From the narrow, claustrophobic corridor outside the waiting room, a sound cut through the heavy silence.
Squeak. Splash. The heavy, uneven wheels of an industrial mop bucket rolling across tiles.
Slosh. Someone was wringing out a wet mop.
The digital clock above the boarding door read 07:38:12.
The heavy wooden door with the stenciled 'B' swung open.
It didn't step through. It glided.
A figure in faded blue industrial coveralls pushed a galvanized steel mop bucket into the glaring light of the waiting room. There was no face under the brim of the stained yellow cap. Just a smooth, concave shadow that seemed to swallow the fluorescent glare.
It plunged a thick, fibrous gray mop into the pitch-black water of the bucket.
Slosh. It lifted the dripping mop and dragged it across the pale green linoleum.
Where the wet fibers touched the floor, the tile didn't just get clean. The grout lines, the scuff marks, the texture of the material itself vanished. The floor was replaced by a patch of featureless, sterile white void. A localized deletion of reality.

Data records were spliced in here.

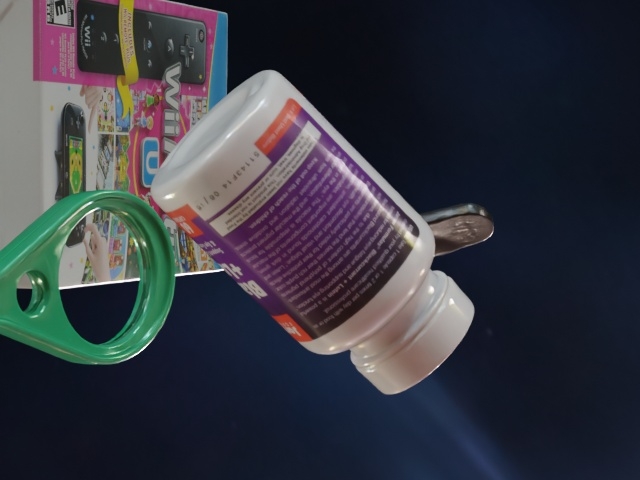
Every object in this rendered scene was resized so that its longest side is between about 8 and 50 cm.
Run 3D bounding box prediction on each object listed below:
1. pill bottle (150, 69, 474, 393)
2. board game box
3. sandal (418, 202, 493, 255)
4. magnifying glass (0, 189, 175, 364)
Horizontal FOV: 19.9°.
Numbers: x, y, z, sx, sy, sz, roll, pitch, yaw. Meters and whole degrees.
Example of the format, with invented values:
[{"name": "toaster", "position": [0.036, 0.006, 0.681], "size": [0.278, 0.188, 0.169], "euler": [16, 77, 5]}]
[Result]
[{"name": "pill bottle", "position": [0.000, 0.000, 1.100], "size": [0.108, 0.108, 0.193], "euler": [-42, -75, 12]}, {"name": "board game box", "position": [-0.176, -0.081, 1.406], "size": [0.097, 0.303, 0.224], "euler": [1, -87, 21]}, {"name": "sandal", "position": [0.059, 0.012, 1.521], "size": [0.179, 0.040, 0.067], "euler": [-15, -32, 24]}, {"name": "magnifying glass", "position": [-0.155, 0.027, 0.908], "size": [0.231, 0.026, 0.092], "euler": [-12, -79, -54]}]
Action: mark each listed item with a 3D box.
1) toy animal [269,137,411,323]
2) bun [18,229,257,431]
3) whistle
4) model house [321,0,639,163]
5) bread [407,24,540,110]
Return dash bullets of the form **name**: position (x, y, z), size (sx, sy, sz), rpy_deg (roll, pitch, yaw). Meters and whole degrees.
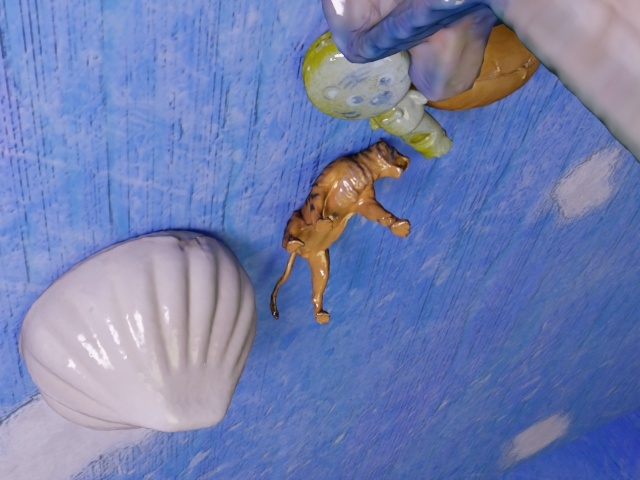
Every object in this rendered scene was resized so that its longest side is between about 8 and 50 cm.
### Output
- **toy animal**: position (-0.006, -0.004, 1.069), size (0.114, 0.116, 0.255), rpy_deg (22, 127, -27)
- **bun**: position (-0.170, 0.130, 1.006), size (0.263, 0.175, 0.263), rpy_deg (-22, 146, -16)
- **whistle**: position (0.064, -0.143, 0.927), size (0.104, 0.057, 0.198), rpy_deg (-28, 141, 29)
- **model house**: position (0.236, -0.239, 0.624), size (0.395, 0.445, 0.400), rpy_deg (-21, 145, -25)
- **bread**: position (0.165, -0.187, 0.981), size (0.189, 0.077, 0.114), rpy_deg (-21, 151, -26)
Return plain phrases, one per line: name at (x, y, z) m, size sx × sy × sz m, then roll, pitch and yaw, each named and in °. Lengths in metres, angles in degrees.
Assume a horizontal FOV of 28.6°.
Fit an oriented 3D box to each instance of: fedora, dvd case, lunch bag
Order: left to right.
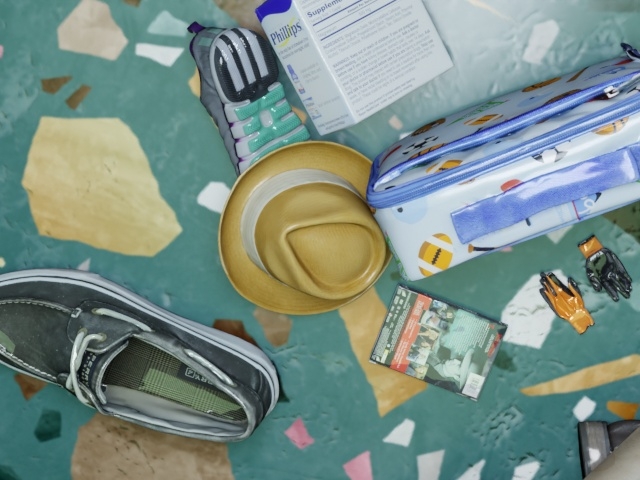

Item #312 snapped his heavy work boots off the floor, drawing his knees tightly to his chest on the hard plastic of seat 390. He balanced his entire weight on the orange shell, tucking his arms in.
"Rule 12," the technician whispered, his eyes locked on the approaching figure. "Keep your feet off the ground when the bucket rolls. The system only deletes what touches the floor."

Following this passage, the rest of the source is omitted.